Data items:
↓
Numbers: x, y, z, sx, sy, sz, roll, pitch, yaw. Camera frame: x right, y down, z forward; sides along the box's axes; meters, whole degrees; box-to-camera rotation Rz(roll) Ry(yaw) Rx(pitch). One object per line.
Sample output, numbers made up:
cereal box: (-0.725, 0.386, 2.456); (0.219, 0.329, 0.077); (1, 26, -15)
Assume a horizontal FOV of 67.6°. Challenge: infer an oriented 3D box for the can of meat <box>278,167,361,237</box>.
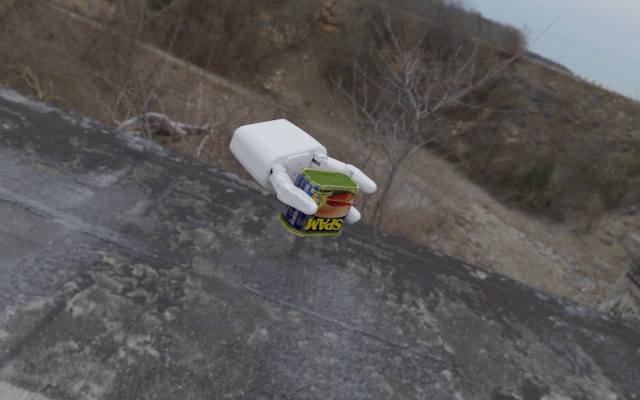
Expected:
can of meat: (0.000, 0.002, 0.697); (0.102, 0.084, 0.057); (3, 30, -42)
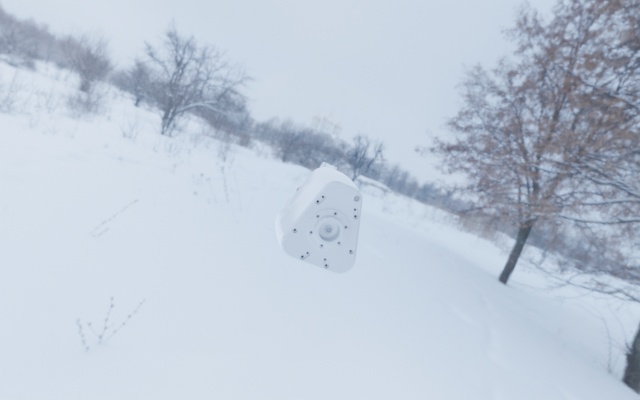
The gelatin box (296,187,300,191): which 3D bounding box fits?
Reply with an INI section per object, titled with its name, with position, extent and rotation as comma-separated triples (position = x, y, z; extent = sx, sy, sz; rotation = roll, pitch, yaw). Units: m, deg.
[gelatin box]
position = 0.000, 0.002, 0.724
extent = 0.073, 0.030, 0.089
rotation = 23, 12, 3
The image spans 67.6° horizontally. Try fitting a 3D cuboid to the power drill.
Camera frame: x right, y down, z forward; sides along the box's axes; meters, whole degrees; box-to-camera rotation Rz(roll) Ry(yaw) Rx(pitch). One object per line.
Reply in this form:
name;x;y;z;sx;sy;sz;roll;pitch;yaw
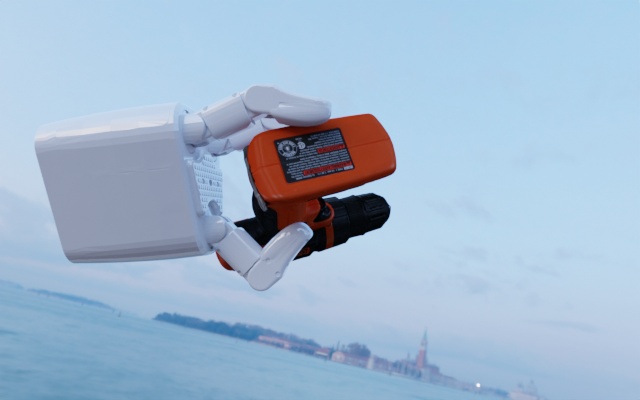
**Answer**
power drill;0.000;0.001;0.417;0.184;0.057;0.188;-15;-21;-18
↑
WHAT YOU WILL DO: Copy the lines of the records, beginning where the line containing "The image spans" appears and continuing through the final line, exactly and with no pictures.

ANSWER TO THE EXERCISE:
The image spans 67.6° horizontally. Try fitting a 3D cuboid to the power drill.
Camera frame: x right, y down, z forward; sides along the box's axes; meters, whole degrees; box-to-camera rotation Rz(roll) Ry(yaw) Rx(pitch). One object per line.
Reply in this form:
name;x;y;z;sx;sy;sz;roll;pitch;yaw
**Answer**
power drill;0.000;0.001;0.417;0.184;0.057;0.188;-15;-21;-18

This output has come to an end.